The use of starch for fluid loss control limits the use of CBF fluid to wells that have bottom hole temperatures less than approximately 250 F. Research is in progress to develop synthetic additives that will control fluid loss at higher temperatures. The proper application of this system appears to be in the cooler upper hole sections. More thermally stable systems should be considered for deeper, high temperature hole sections.

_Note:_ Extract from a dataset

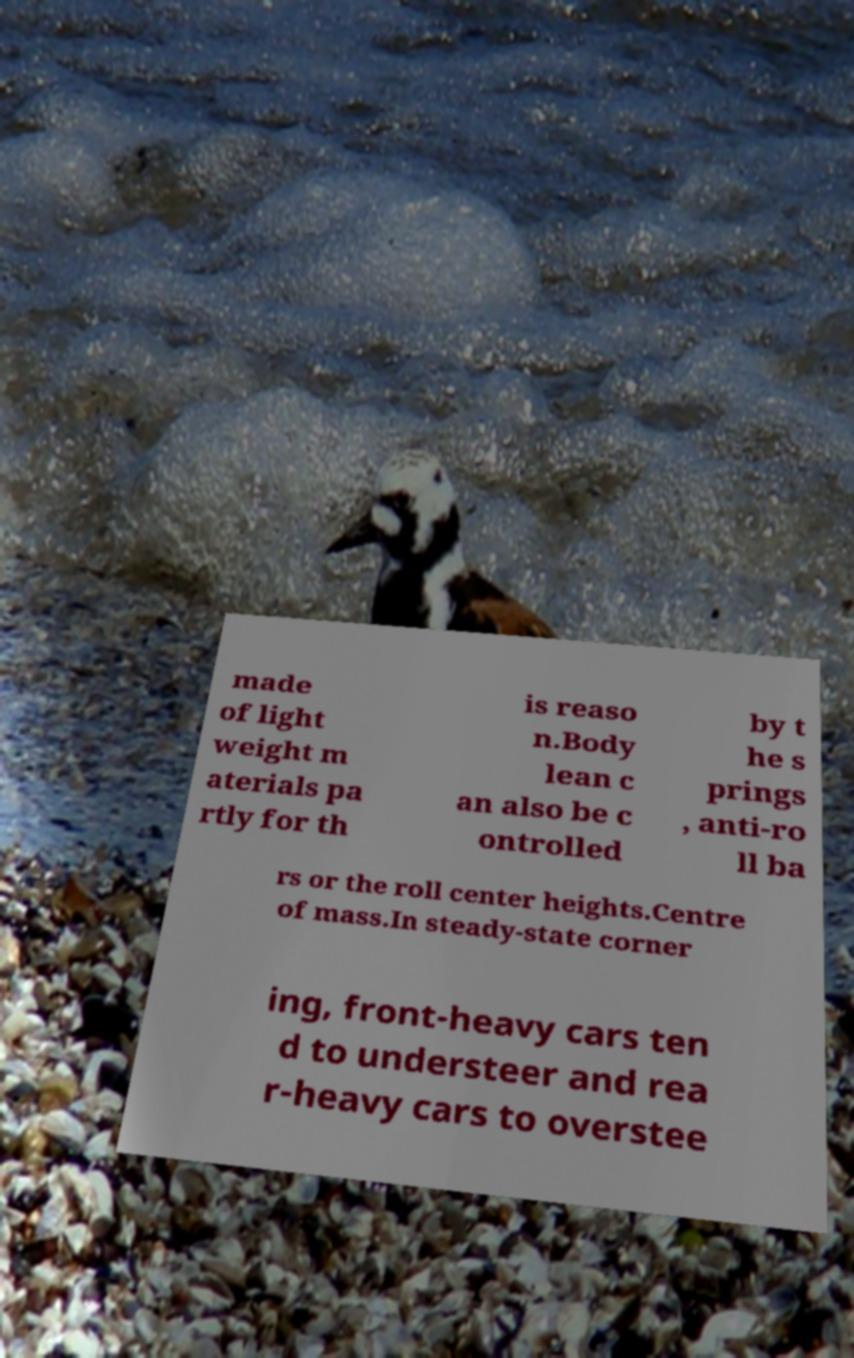I need the written content from this picture converted into text. Can you do that? made of light weight m aterials pa rtly for th is reaso n.Body lean c an also be c ontrolled by t he s prings , anti-ro ll ba rs or the roll center heights.Centre of mass.In steady-state corner ing, front-heavy cars ten d to understeer and rea r-heavy cars to overstee

The toxicity of the fluid may hinder its use in certain areas. The fluid contains a minimum of 5% KCl. This may limit its use in locations that have a chloride restriction on fluid disposal. Alternative sources of potassium that do not contain chloride (such as potassium carbonate) may be substituted for KCI in most cases.

Free cationic polymer can be toxic to marine organisms. When the cationic polymer is adsorbed on solids, the polymer is no longer toxic.

The Amoco bead test allows the amount of active cationic polymer to be monitored at all times and will identify when the polymer is depleted and rendered nontoxic. Excess polymer can be removed from the fluid by the addition of prehydrated bentonite. Research is in progress to understand the toxicity issues with this system.

ACKNOWLEDGMENT

The authors would like to thank the drilling staffs at Amoco Norway Oil Co. and Amoco (U.K.) Exploration Co. (London and Aberdeen), for field testing the CBF system in the North Sea, and Amoco Production Co. for permission to publish this article.

REFERENCES

  1. Beihoffer, T.W., Dorrough, D.S., and Schmidt, D.D., Paper IADC/SPE 19953, presented at the 1990 IADC/SPE Drilling Conference, Houston.

  2. Kadaster, A.G., Guild, G.J., Hanni, G.L., and Schmidt, D.D., Paper SPE 19531, presented at the 64th Annual Technical Conference of the SPE, San Antonio, 1989.

  3. Gray, G.R., Darley, H.C.H., Composition and Properties of Oil Well Drilling Fluids, Gulf Publishing Co., Houston, 1980.

  4. Beihoffer, T.W., Dorrough, D.S., and Schmidt, D.D., Paper SPE 18032, presented at the 63rd Annual Technical Conference of the Society of Petroleum Engineers, Houston, 1988.

  5. Theng, B.K.G., Formation and Properties of Clay-Polymer Complexes, Elsevier Publishing Co., Amsterdam, 19,-9.

  6. Parazak, D.P., Burkhardt, C.W., McCarthy, K.J., and Stehlin, M.P., Journal of Colloid Interface Science, Vol. 123, No. 59, 1987.

  7. Borchardt, J.K., ACS Symposium Series 396; Oil-Field Chemistry, Enhanced Recovery and Production Stimulation, American Chemical Society, Washington D.C., p. 204, 1989.

  8. API RP 131, Recommended Practice Standard Procedure for Laboratory Testing Drilling Fluids, American Petroleum Institute, Washington D.C., p. 35, 1990.